Along with this, the original made Christianity get called into doubt and made the islanders seem innocent. Here, we are confronted by people who outright murder and burn people... so even though Cage comes across as a jerk, the islanders are clear villains. This completely reverses the greatest dimension of the first film.
Third, the Willow character is completely stupid and extraneous. In the original, we were given a little piece at a time of the Rowan mystery. This made the film very enjoyable for the viewer. But in the remake, this Willow character shows up at random times to explain the plot to Cage (and us), making most of the mystery shallow or completely removed.

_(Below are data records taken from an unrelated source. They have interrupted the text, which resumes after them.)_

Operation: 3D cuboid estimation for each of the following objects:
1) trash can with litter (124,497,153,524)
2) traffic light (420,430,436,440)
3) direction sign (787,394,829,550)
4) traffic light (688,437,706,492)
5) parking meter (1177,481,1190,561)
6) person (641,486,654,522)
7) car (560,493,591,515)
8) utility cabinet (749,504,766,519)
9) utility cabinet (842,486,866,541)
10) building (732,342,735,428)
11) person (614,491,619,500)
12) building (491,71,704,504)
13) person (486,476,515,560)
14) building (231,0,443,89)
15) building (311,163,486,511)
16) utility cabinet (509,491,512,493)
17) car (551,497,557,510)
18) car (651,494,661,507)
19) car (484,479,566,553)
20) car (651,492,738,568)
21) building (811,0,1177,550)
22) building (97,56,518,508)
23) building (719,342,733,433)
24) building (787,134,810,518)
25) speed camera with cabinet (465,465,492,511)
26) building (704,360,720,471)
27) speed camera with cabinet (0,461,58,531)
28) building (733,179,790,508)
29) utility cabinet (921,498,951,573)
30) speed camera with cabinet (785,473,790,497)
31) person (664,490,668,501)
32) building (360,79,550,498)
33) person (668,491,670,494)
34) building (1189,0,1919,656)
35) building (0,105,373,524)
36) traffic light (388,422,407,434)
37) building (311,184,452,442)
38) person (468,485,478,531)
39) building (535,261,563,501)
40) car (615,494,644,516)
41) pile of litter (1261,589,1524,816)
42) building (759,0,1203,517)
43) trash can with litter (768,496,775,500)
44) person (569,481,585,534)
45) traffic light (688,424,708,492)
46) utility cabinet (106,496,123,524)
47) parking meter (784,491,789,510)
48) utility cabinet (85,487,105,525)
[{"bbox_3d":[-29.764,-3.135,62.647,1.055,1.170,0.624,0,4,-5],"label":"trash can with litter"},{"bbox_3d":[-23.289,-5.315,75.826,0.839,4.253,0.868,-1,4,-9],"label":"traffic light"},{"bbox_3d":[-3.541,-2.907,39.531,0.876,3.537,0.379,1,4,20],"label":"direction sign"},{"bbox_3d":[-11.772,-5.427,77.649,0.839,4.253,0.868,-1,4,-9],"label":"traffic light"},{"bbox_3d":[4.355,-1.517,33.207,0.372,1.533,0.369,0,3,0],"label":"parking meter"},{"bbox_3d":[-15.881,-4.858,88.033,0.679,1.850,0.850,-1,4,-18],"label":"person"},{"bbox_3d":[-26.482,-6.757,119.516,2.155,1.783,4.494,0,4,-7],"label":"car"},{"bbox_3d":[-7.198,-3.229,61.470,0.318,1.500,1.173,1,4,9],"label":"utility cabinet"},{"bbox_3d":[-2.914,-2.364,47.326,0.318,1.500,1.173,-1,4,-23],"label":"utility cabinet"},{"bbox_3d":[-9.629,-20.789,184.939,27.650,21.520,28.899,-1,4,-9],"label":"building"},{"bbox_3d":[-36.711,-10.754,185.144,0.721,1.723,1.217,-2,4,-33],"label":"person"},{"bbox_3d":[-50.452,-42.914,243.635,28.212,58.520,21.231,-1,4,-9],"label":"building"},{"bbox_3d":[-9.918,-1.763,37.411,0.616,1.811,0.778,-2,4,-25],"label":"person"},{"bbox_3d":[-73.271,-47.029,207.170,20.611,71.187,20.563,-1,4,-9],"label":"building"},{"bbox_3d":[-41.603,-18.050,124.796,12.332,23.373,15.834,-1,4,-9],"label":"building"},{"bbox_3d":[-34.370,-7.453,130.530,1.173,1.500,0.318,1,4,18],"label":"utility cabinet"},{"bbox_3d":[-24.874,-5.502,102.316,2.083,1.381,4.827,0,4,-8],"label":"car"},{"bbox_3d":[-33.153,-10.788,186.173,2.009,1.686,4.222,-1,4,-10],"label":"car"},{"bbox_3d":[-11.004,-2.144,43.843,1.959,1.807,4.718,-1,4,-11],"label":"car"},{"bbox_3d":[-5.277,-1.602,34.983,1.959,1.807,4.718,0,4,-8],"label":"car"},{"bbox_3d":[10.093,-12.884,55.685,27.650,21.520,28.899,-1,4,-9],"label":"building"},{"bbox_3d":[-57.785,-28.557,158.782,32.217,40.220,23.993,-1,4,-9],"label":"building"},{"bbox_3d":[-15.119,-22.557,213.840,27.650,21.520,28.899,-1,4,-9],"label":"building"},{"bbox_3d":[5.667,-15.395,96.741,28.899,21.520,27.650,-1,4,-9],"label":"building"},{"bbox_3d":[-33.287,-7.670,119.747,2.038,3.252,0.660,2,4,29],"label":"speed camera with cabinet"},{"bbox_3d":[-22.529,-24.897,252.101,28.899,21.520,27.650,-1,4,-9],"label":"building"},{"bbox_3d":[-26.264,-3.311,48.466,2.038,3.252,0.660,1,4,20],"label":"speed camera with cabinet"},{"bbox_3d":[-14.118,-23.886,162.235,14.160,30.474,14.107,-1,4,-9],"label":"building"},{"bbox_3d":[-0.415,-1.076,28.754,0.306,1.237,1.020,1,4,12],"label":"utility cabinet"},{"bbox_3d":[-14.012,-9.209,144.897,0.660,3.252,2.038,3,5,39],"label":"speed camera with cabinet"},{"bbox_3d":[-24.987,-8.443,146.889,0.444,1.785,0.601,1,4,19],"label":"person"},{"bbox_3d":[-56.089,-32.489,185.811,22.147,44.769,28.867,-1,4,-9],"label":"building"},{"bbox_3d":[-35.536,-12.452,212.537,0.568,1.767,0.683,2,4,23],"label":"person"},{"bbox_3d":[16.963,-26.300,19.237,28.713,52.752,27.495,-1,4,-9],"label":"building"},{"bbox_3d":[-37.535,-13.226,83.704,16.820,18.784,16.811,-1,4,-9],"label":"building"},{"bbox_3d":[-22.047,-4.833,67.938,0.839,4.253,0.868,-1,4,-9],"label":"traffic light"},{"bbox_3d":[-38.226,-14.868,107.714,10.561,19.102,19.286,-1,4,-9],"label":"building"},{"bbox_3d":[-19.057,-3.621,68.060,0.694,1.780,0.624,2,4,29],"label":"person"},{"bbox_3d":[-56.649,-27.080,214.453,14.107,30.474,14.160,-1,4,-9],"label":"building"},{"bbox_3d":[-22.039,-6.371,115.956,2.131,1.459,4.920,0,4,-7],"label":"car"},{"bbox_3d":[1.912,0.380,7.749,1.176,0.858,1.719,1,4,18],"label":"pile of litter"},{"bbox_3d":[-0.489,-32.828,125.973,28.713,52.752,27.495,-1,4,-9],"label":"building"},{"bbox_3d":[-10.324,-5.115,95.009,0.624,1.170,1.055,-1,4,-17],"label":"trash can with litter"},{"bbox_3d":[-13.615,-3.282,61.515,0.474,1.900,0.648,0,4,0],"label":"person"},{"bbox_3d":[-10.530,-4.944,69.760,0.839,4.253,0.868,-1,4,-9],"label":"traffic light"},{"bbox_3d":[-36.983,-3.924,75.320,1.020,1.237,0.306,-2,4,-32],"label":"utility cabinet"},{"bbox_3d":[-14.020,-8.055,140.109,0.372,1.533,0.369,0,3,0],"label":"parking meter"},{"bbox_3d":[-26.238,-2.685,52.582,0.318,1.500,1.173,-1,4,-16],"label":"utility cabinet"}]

And finally, the death of Cage is utterly stupid nonsense. In the original, the detective is a Christian and his faith is tested for a couple days to make sure he is pure for sacrifice. In the new one, there is no purity or any hint of religiousness. All they require is a link to the island. So, my question is this: why did they give him the run-around instead of just knocking him unconscious in the first place? He was not tested, and the lies were pointless... making the entire film utter bull.

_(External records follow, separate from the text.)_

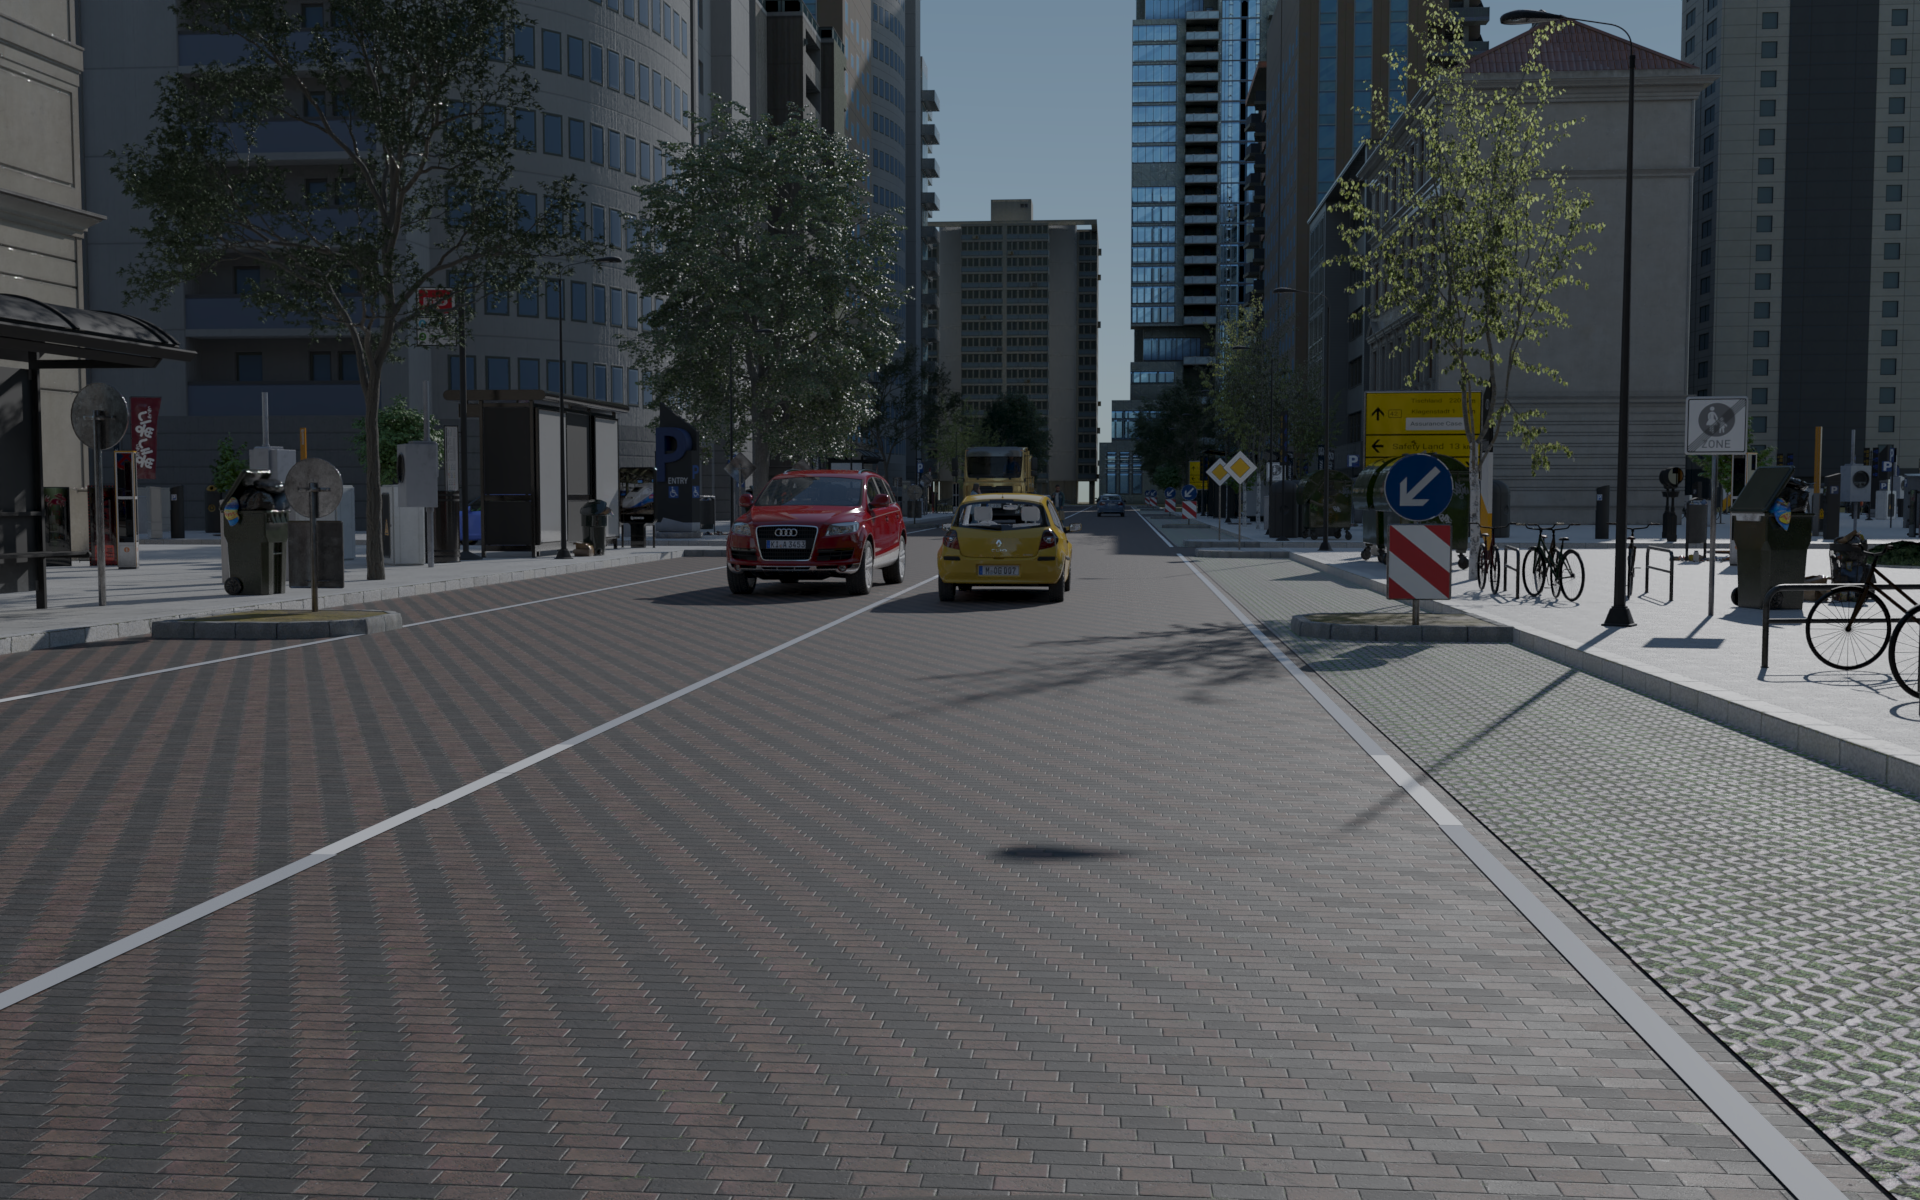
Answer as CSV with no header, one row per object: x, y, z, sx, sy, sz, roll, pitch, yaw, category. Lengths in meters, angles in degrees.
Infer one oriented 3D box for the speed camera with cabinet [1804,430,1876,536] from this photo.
26.765,-3.589,53.009,2.038,3.252,0.660,0,4,-6,speed camera with cabinet

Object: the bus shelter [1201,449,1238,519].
13.967,-6.232,93.169,1.731,3.624,6.357,0,4,5,bus shelter

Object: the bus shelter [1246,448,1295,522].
13.810,-5.149,78.107,2.014,3.302,5.546,0,4,5,bus shelter

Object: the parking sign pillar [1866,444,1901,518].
50.333,-6.486,94.511,1.447,3.967,1.447,0,4,-7,parking sign pillar

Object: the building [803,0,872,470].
-14.577,-29.463,131.834,14.600,45.320,14.200,0,4,5,building

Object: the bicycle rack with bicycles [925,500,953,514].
-1.760,-5.991,111.328,2.852,0.926,2.925,1,4,21,bicycle rack with bicycles

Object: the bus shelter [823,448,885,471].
-4.706,-5.090,77.144,2.014,3.302,5.546,0,4,5,bus shelter

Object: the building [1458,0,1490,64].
32.971,-29.798,137.302,14.600,45.320,14.200,0,4,5,building

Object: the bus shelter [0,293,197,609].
-9.785,-1.397,16.771,2.014,3.302,5.546,0,4,5,bus shelter

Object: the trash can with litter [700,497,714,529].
-9.355,-3.172,63.253,0.624,1.170,1.055,-2,4,-27,trash can with litter

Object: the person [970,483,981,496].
0.462,-2.970,57.323,0.793,1.790,0.793,3,4,39,person

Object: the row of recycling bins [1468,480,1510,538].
15.493,-2.760,52.238,1.069,1.692,3.534,-1,4,-8,row of recycling bins

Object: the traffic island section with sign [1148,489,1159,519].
11.956,-5.564,99.600,1.989,1.847,2.006,0,4,5,traffic island section with sign

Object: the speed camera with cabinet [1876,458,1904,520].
47.172,-5.710,87.690,2.038,3.252,0.660,-2,4,-35,speed camera with cabinet

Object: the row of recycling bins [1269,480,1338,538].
10.304,-2.734,51.806,1.069,1.692,3.534,3,5,39,row of recycling bins

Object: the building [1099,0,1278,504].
33.748,-55.666,222.816,31.000,86.520,22.319,0,4,5,building

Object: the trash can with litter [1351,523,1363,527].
15.272,-3.522,68.636,1.678,1.210,2.233,-1,4,-16,trash can with litter

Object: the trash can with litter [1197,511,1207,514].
16.122,-6.244,113.152,2.233,1.210,1.678,3,5,44,trash can with litter

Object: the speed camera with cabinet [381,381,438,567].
-9.834,-2.233,30.854,0.660,3.252,2.038,-2,4,-30,speed camera with cabinet

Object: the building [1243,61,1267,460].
39.980,-31.750,173.733,22.147,44.769,28.867,0,4,5,building

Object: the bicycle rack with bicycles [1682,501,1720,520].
36.701,-4.534,87.505,2.852,0.926,2.925,0,4,3,bicycle rack with bicycles

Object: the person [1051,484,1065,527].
4.065,-3.840,71.262,0.794,1.824,0.713,3,5,42,person

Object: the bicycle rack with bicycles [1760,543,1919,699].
7.085,0.092,11.874,2.925,0.926,2.852,0,4,-5,bicycle rack with bicycles

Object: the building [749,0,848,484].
-14.706,-20.251,102.802,14.160,30.474,14.107,0,4,5,building

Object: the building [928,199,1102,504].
6.756,-32.972,230.972,23.993,40.220,32.217,0,4,5,building

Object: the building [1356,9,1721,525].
25.732,-14.969,80.902,11.583,22.565,21.152,0,4,5,building

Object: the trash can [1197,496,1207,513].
16.561,-6.532,118.453,0.748,1.137,0.748,0,3,0,trash can

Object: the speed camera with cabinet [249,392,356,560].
-12.798,-2.407,33.698,2.038,3.252,0.660,1,4,19,speed camera with cabinet

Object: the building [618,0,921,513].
-15.501,-37.395,153.410,21.231,58.520,28.212,0,4,5,building

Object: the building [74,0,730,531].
-22.159,-32.443,72.450,21.231,58.520,28.212,0,4,5,building

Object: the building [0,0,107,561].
-31.746,-11.860,27.190,30.059,22.955,16.112,0,4,5,building

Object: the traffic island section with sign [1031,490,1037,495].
7.667,-10.343,177.730,1.989,1.847,2.006,0,4,5,traffic island section with sign

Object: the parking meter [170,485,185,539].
-22.578,-2.541,49.952,0.372,1.533,0.369,0,3,0,parking meter

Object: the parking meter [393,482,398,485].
-19.427,-3.292,59.532,0.399,1.863,0.255,2,4,24,parking meter

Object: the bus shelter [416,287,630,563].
-9.197,-3.582,36.193,2.179,5.291,8.768,0,4,5,bus shelter

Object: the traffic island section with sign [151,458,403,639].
-6.996,-0.581,18.120,1.989,1.847,2.006,0,4,5,traffic island section with sign

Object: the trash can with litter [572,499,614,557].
-7.622,-1.499,35.898,0.624,1.170,1.055,0,4,8,trash can with litter

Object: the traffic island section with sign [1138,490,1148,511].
16.531,-8.601,149.260,1.989,1.847,2.006,0,4,5,traffic island section with sign

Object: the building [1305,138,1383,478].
29.948,-17.557,106.117,14.314,24.678,30.058,0,4,5,building

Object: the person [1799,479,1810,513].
19.949,-2.042,42.106,0.699,1.804,1.509,-2,4,-32,person

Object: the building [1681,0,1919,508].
83.007,-44.956,173.288,20.611,71.187,20.563,0,4,5,building

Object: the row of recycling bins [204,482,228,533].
-23.502,-3.032,56.686,3.534,1.692,1.069,3,4,36,row of recycling bins

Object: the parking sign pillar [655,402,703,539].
-8.223,-3.785,50.364,1.447,3.967,1.447,2,4,26,parking sign pillar

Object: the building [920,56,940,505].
-17.743,-34.372,181.598,30.456,49.044,23.786,0,4,5,building

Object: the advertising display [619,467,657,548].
-7.681,-2.208,41.311,0.974,1.923,0.123,1,4,19,advertising display

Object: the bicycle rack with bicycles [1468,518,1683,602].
7.707,-0.508,21.692,2.852,0.926,2.925,1,4,14,bicycle rack with bicycles

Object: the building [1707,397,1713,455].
78.541,-36.746,220.402,30.456,49.044,23.786,0,4,5,building

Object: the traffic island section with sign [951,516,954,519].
0.552,-5.608,100.321,1.989,1.847,2.006,0,4,5,traffic island section with sign

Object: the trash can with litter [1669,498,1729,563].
14.547,-1.364,33.361,2.233,1.210,1.678,-2,4,-27,trash can with litter

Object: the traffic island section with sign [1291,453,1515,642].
4.429,-0.551,17.644,1.989,1.847,2.006,0,4,5,traffic island section with sign

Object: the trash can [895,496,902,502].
-3.815,-5.789,106.297,0.748,1.137,0.748,0,3,0,trash can

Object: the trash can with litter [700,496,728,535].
-7.572,-2.631,54.079,2.233,1.210,1.678,1,4,11,trash can with litter

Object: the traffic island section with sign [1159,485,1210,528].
9.489,-3.922,72.758,1.989,1.847,2.006,0,4,5,traffic island section with sign

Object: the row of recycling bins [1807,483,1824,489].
39.497,-4.441,79.730,1.069,1.692,3.534,1,4,18,row of recycling bins

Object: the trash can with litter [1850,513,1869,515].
55.525,-5.784,105.629,1.678,1.210,2.233,-2,4,-32,trash can with litter

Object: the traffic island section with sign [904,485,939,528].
-1.909,-3.966,73.478,1.989,1.847,2.006,0,4,5,traffic island section with sign

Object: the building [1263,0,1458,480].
34.293,-30.692,151.918,14.600,45.320,14.200,0,4,5,building

Can you tell I didn't care for this film? As a piece of entertainment, it serves a purpose. But it's poorly written, not expertly acted... and a great insult to the viewer and the original film. I wouldn't let anyone watch this, not even to compare to the original... it's just not worth the time. Watch the original instead
Top Five Reasons to watch The Wicker Man:
1. Nicholas Cage slowly walks up to a woman, never breaking eye contact. He reminded me of Clint Eastwood in The Good, The Bad, and The Ugly. He then knocks her completely unconscious.
2. Nicholas Cage, in a bear costume, clotheslines an old lady.
3. Nicholas Cage karate kicks Leelee Sobieski square in the face.
4. Nicholas Cage screaming, ``Killing me won`t bring back your damn honey!``
5. Nicholas Cage screaming, ``No! Not the bees!``
Actually, just Youtube The Wicker Man Best Scenes. Someone was kind enough to edit these scenes together.
Painfully slow, lifeless acting, and too many unintentionally funny moments to count, this is filmmaking at its most incompetent.
I truly mean it when I put this movie right up there with Tommy Wiseau`s The Room as one of the most unintentionally funny movies ever made. And just like The Room, maybe one day The Wicker Man remake will obtain a cult following where people attend, laugh, and just make fun of this horrible piece of celluloid.
This was decent till the end and I was just disapointed in the entire ending.